Segment Start: EXTRACTED ENTRIES

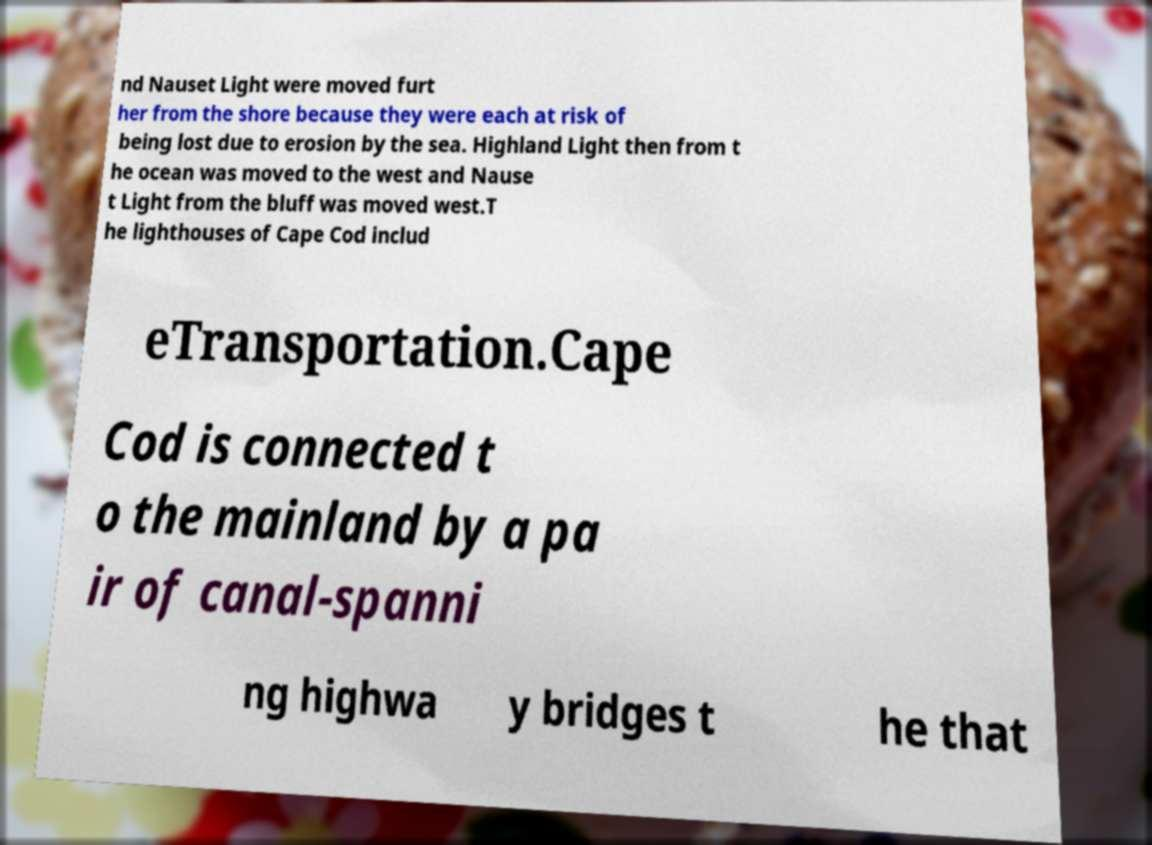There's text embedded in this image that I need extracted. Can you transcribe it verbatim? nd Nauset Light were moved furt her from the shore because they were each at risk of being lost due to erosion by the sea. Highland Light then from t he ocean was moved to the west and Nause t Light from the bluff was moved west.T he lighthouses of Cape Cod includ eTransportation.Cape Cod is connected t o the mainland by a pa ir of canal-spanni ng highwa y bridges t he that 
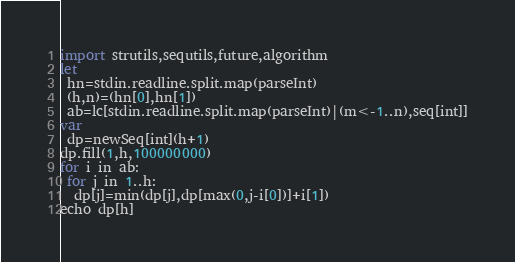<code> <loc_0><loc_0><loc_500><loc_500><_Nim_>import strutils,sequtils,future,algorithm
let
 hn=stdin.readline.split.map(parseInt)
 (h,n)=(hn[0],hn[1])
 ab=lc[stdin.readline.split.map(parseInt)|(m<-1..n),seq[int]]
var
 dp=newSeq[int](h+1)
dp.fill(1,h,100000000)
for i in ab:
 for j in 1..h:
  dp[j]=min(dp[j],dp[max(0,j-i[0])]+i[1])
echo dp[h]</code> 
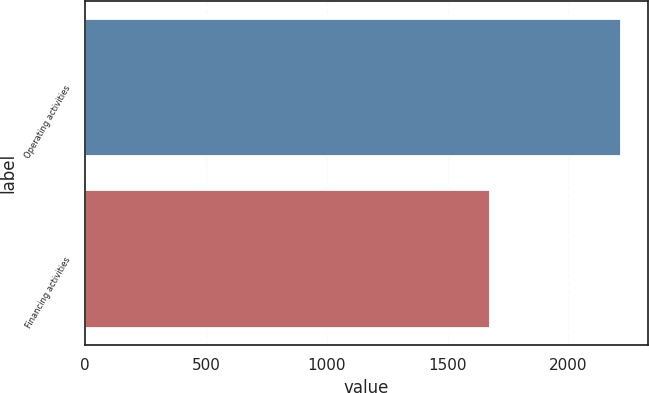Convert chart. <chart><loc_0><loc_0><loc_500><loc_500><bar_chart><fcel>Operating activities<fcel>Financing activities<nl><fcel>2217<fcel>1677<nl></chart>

Segment End: EXTRACTED ENTRIES
Segment Start: EXTRACTED ENTRIES

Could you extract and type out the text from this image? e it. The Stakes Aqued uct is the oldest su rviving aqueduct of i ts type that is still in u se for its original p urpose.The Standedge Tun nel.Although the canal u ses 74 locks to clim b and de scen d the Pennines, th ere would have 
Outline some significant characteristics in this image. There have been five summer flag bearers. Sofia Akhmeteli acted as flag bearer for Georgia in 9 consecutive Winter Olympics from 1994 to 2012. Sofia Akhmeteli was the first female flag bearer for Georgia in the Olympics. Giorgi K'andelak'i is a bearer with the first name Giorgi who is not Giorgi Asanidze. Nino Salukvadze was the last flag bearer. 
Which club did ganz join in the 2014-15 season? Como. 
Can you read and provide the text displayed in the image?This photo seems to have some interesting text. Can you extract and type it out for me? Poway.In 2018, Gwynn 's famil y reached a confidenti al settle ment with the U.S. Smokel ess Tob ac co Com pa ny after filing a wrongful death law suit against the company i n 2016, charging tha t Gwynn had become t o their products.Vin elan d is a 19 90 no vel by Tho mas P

Segment End: EXTRACTED ENTRIES

◆ REQUIREMENT: Extract every line above that contains the word "stdin".

◆ EXERCISE ANSWER:
 hn=stdin.readline.split.map(parseInt)
 ab=lc[stdin.readline.split.map(parseInt)|(m<-1..n),seq[int]]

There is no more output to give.